Joaquin Terruella was an important Spanish artist, primarily known for his distinctive and striking reprensentations of Spanish sporting subjects, particularly bull fights. Born in 1891, he was the nephew of Matilla the Second, and studied under Santiago Rusiñol (1861 - 1931), one of the leaders of the Catalan modernism movement. Terruela traveled to Italy in 1923, and painted in Paris and Palma de Mallorca. Garnering a respectable level of recognition, he began exhibting individually at the Goya Room in Barcelona 1916, as well as the city hall of Pares in 1924, and galleries in Paris (1922), Madrid, Palma, Zaragoza, Bordeaux and Biarritz. In 1928 he would go on to show his work at the Sala Gaspar of Barcelona until 1952.
Joaquín Terruella also painted landscapes with a distinctive impressionist style which reflected the subtle delicacy and transparency of the Catalan landscape.
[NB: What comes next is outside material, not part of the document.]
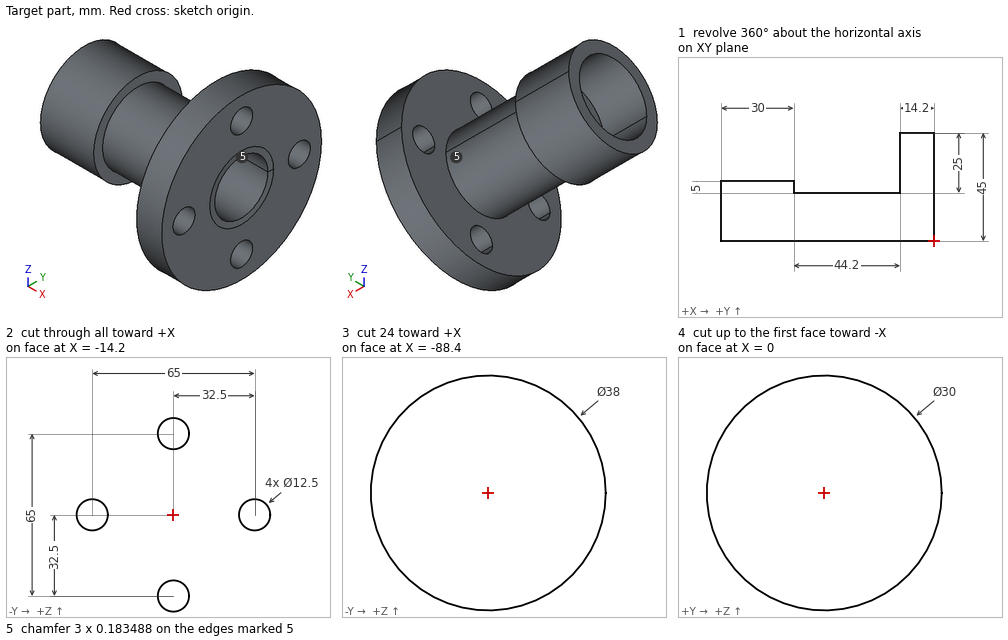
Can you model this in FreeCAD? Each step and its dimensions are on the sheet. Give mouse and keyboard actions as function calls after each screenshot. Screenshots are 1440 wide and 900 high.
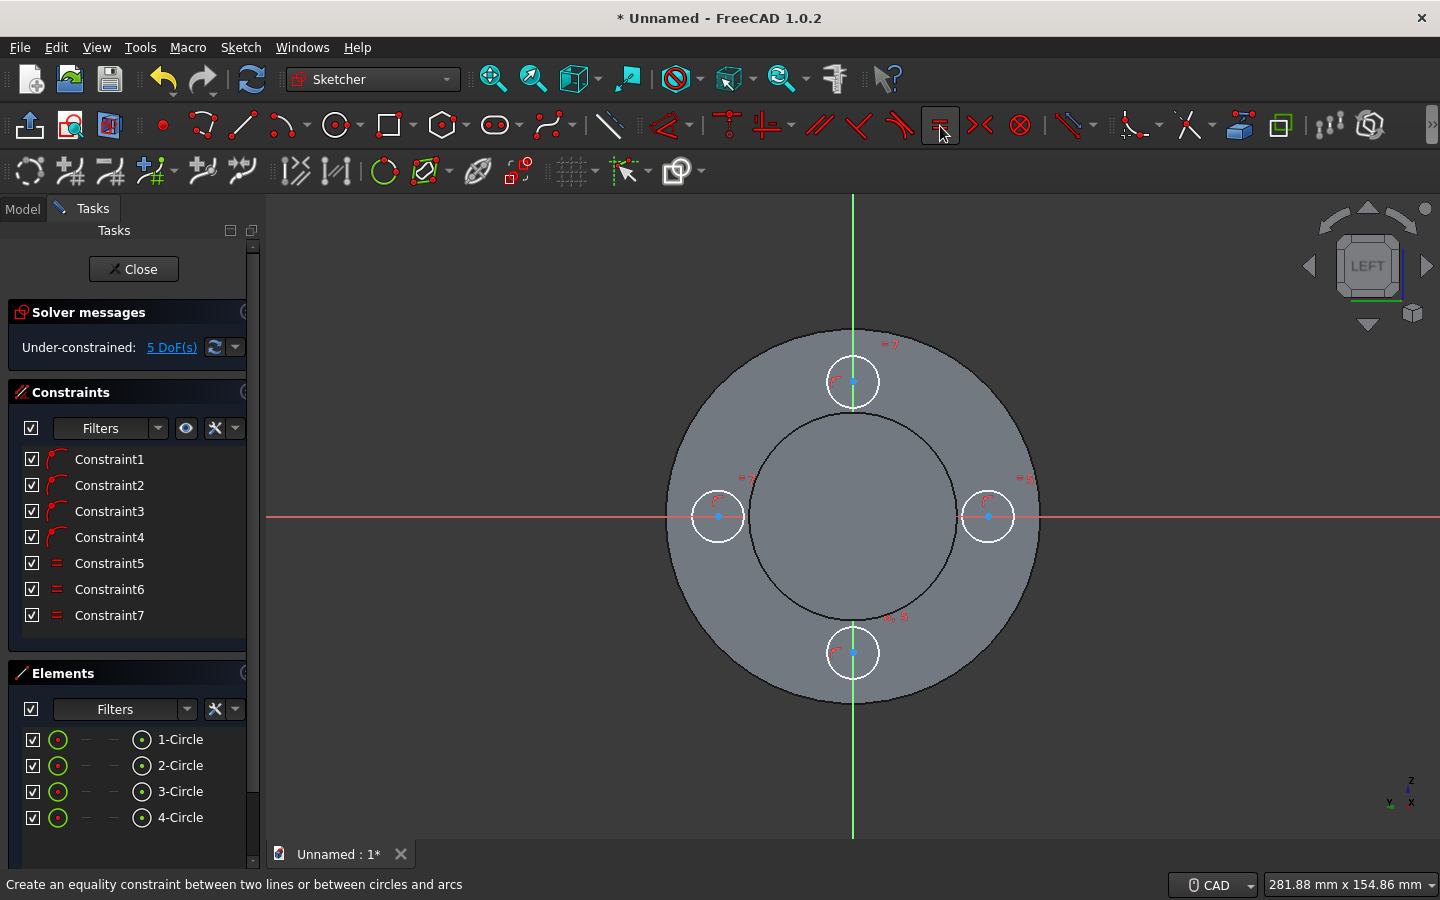
key(d)

His favorite subject though was the world of bullfighting, and he actually worked as an illustrator for taurian publications “El Día Gráfico” and “La Noche”. He also tried gypsy scenes and concert cafes. His work is preserved at the MACBA, the Museum of Contemporary Art of Madrid, and the Museo Provincial de Lugo.
In the pair above, Terruella produces one of his characteristic subjects: a pass of bullfighting. He summarizes both the expressiveness and the suspense of the moment in two paintings of frozen motion. His composition evokes a great sobriety whilst also filling the viewer with a sense of awe and dynamism. Indeed, the passion and excitement of the bull fight exhudes from the warm color palet, which also suggests the heat and the danger of the engagement.